Adjusted P-values were calculated by multiplying the original P-value by the number of accessory elements tested (n = 6). *P < 0.05; **P < 0.01; ***P < 0.001; ****P < 0.0001.
Significantly more prevalent among susceptible isolates.
Significantly more prevalent among resistant isolates.
DISCUSSION
This study used a robust and detailed gene-by-gene approach to characterize the gonococcal accessory genome. Since the introduction of the pangenome concept in bacterial research, multiple computational tools have been developed to examine pangenome content (12). Tools such as Roary and PIRATE are based on clustering algorithms which use gene similarity thresholds to identify gene families. These thresholds can be difficult to define as a consequence of major differences in diversity among genes. This often results in over-splitting of divergent alleles of the same gene into multiple clusters or over-clustering of related gene families. PIRATE tries to improve this by measuring sequence diversity within the data set and correcting gene clusters based on this (13). However, the output obtained here still contained far more gene clusters than genes identified in PubMLST, indicating over-splitting. This was evidenced by querying the identified PIRATE sequences in PubMLST, with multiple sequences matching the same NEIS locus. This therefore shows the necessity for careful examination of raw outputs resulting from pangenome tools for undertaking research on a gene level. Furthermore, gene-by-gene analysis combined with in-depth knowledge of the bacterial species is important to translate pangenome outputs from theoretical to functional genes.
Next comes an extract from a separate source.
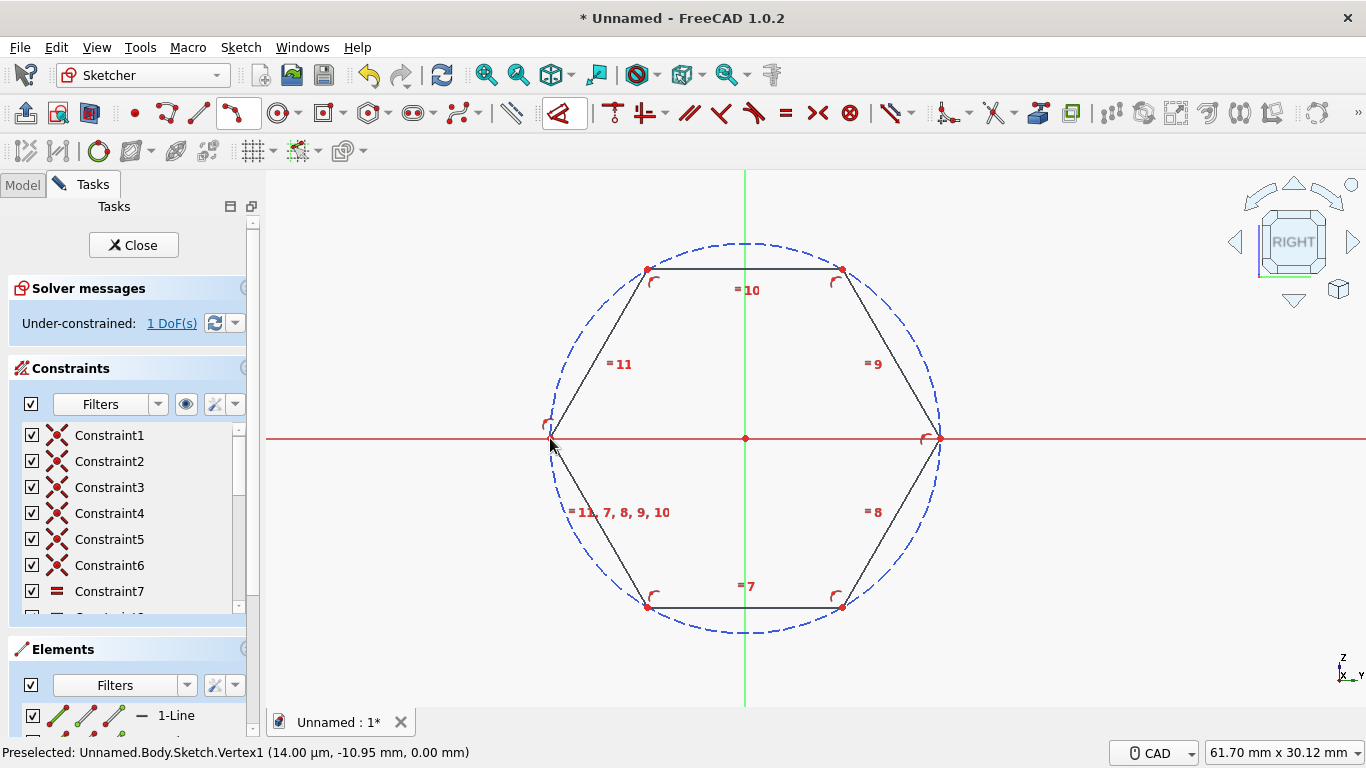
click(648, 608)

The bacterial accessory genome provides genetic flexibility, facilitating host and environmental adaptation. In the gonococcus, major accessory elements include plasmids, mediating resistance against beta-lactams and tetracycline. The content of the chromosomal accessory genome and its implications in population biology and AMR are largely unknown. Due to frequent intraspecies HGT, high genetic diversity is found in gonococci exemplified by the challenges encountered in vaccine development and rapidity with which AMR develops. Such genetic diversity was also expected in the accessory genome, however, our results showed that a small gene pool constituted the accessory genome with the GGI and plasmids being the main accessory elements. Characterization of the chromosomal gonococcal accessory genome revealed that it was highly organized consistent with retention of gene synteny despite frequent HGT and that it was associated with the core genome. Therefore, the main driver of allelic variation in the gonococcal population is the high rate of genetic exchange, whereas gene acquisition occurs to a much lesser extent (14). This is evidenced by the rapid saturation in new genes identified once a small number of genomes were examined, and the increase in gene diversity seen as more genomes were included (Fig. 2). Recombination being predominant to gene gain and loss has also been observed for Chlamydia trachomatis, suggesting a typical genome constitution for sexually transmitted pathogens (15). The highly structured genome organization and small gene pool size are indicative of a founder effect resulting from an ancestral gonococcus first transitioning to the urogenital tract, and resulting in a niche switch and a change in genome content that has been selected for and preserved. This could explain why the Neisseria genus consists mostly of commensal and symbiotic species residing in the human nasopharynx, with the gonococcus being unusual in that it is principally found in the male and female urogenital tracts (1).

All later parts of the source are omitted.